Instructions to follow: Restrict the output to the lines below starting at the one that contains "#8 car [1648,853,1773,883]" and ending at the one that contains "#33 car [1171,852,1193,869]", and restate them word for word, both ends included.

Provided records:

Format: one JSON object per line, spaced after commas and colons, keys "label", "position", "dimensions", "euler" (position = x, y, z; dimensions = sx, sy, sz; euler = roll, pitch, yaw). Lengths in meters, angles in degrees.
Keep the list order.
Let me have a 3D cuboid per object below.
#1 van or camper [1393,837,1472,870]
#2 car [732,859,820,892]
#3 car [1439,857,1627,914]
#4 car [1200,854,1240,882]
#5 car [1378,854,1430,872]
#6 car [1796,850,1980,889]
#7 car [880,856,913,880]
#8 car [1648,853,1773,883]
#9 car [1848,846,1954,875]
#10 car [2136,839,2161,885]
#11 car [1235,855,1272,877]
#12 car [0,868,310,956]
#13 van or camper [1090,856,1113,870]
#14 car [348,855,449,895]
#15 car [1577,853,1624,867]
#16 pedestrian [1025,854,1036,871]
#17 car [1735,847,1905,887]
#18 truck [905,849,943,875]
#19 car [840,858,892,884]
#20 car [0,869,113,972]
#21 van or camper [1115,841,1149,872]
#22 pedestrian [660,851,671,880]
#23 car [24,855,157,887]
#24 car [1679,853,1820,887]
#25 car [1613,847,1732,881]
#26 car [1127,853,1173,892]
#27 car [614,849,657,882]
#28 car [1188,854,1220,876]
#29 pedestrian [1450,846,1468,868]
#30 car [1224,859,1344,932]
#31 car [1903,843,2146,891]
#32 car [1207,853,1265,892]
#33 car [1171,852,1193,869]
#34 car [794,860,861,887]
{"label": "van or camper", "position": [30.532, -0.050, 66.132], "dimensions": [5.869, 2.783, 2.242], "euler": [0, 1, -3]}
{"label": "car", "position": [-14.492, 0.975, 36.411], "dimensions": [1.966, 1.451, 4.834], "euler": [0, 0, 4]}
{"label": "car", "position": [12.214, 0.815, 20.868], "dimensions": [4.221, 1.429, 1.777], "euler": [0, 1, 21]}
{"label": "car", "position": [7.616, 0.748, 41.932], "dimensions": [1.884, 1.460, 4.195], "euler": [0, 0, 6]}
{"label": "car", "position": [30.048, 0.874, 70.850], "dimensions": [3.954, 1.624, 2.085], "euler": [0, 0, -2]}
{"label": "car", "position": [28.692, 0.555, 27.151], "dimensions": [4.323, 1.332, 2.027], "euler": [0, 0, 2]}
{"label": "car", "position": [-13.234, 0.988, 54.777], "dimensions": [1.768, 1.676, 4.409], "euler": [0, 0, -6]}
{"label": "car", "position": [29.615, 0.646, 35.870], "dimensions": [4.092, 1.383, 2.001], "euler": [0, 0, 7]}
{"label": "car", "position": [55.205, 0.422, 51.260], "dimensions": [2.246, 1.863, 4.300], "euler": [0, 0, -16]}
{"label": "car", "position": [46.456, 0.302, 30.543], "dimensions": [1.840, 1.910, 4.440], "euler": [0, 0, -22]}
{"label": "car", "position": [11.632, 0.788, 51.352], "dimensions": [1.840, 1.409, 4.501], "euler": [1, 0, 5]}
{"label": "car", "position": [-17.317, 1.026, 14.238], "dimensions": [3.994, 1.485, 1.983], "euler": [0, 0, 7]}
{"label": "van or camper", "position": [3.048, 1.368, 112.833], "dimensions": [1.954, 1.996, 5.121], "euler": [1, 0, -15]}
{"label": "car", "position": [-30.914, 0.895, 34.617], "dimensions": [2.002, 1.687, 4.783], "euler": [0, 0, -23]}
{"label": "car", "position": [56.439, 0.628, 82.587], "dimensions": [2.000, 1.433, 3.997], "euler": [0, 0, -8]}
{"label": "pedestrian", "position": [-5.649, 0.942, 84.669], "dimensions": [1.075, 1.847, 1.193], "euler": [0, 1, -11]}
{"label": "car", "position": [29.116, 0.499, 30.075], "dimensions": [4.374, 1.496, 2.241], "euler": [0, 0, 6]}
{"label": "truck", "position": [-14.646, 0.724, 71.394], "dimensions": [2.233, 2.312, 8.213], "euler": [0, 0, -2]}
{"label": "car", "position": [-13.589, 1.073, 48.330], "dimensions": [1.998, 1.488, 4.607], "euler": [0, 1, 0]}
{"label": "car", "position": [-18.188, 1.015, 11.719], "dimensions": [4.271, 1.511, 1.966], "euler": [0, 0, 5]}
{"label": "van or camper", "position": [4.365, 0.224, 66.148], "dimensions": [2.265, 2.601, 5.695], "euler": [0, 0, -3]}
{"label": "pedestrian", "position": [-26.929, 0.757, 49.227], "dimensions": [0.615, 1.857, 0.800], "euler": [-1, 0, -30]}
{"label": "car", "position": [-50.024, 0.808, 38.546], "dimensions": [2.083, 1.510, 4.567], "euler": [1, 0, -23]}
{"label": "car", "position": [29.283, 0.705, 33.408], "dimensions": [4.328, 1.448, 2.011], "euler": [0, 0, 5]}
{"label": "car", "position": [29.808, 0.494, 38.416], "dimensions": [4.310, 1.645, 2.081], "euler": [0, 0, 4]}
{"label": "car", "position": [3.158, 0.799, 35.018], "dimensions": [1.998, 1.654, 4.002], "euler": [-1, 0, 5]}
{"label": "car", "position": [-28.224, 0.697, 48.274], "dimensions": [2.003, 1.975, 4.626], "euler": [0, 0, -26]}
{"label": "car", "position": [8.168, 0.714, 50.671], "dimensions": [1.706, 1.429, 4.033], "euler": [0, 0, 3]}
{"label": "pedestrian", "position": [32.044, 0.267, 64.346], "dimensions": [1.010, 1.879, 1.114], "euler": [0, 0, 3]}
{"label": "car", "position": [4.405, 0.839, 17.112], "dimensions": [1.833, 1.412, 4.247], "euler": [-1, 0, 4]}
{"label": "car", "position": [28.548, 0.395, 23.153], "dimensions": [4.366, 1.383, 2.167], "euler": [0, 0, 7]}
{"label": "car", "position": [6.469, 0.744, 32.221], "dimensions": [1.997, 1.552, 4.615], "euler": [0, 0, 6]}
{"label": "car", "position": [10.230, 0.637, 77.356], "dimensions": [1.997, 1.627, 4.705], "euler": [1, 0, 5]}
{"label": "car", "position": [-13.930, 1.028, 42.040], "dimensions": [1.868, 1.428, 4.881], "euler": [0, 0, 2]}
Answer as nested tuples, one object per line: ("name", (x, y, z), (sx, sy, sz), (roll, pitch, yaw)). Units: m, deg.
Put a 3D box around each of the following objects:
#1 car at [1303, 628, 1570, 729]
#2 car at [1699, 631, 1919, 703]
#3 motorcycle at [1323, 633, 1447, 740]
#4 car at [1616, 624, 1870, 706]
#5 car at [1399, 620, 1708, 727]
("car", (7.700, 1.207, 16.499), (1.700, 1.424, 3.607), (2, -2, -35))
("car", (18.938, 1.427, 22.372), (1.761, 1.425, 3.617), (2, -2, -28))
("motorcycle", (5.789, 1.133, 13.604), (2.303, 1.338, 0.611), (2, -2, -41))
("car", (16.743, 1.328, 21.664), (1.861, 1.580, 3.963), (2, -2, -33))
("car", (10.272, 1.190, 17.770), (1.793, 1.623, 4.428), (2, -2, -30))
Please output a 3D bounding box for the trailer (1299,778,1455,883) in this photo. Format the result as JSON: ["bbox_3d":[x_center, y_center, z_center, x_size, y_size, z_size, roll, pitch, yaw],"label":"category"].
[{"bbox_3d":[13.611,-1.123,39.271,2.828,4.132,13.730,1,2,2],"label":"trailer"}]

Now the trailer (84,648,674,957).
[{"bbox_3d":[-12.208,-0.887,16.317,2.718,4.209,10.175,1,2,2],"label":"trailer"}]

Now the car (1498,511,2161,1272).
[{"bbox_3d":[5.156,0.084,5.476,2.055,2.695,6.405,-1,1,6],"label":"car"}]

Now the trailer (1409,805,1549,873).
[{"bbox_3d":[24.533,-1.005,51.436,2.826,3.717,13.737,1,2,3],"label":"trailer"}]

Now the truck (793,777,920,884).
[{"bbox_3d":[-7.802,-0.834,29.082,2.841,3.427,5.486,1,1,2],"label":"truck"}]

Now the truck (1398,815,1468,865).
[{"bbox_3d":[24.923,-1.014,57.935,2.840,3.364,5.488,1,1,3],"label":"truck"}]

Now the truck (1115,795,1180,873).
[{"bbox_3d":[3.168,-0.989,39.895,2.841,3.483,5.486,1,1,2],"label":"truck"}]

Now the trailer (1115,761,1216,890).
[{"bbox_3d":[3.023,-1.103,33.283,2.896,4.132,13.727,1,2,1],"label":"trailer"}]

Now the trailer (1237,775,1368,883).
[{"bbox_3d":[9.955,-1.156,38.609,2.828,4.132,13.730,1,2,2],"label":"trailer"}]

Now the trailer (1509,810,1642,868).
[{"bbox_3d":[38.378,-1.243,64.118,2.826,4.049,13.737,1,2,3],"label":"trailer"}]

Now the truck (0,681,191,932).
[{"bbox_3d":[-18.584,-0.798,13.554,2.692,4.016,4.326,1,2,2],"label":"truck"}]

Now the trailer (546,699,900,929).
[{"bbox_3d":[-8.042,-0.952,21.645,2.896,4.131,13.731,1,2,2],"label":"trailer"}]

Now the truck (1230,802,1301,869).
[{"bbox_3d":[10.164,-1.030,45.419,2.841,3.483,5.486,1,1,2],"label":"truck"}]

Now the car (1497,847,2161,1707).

Response to the exercise:
#8 car [1648,853,1773,883]
#9 car [1848,846,1954,875]
#10 car [2136,839,2161,885]
#11 car [1235,855,1272,877]
#12 car [0,868,310,956]
#13 van or camper [1090,856,1113,870]
#14 car [348,855,449,895]
#15 car [1577,853,1624,867]
#16 pedestrian [1025,854,1036,871]
#17 car [1735,847,1905,887]
#18 truck [905,849,943,875]
#19 car [840,858,892,884]
#20 car [0,869,113,972]
#21 van or camper [1115,841,1149,872]
#22 pedestrian [660,851,671,880]
#23 car [24,855,157,887]
#24 car [1679,853,1820,887]
#25 car [1613,847,1732,881]
#26 car [1127,853,1173,892]
#27 car [614,849,657,882]
#28 car [1188,854,1220,876]
#29 pedestrian [1450,846,1468,868]
#30 car [1224,859,1344,932]
#31 car [1903,843,2146,891]
#32 car [1207,853,1265,892]
#33 car [1171,852,1193,869]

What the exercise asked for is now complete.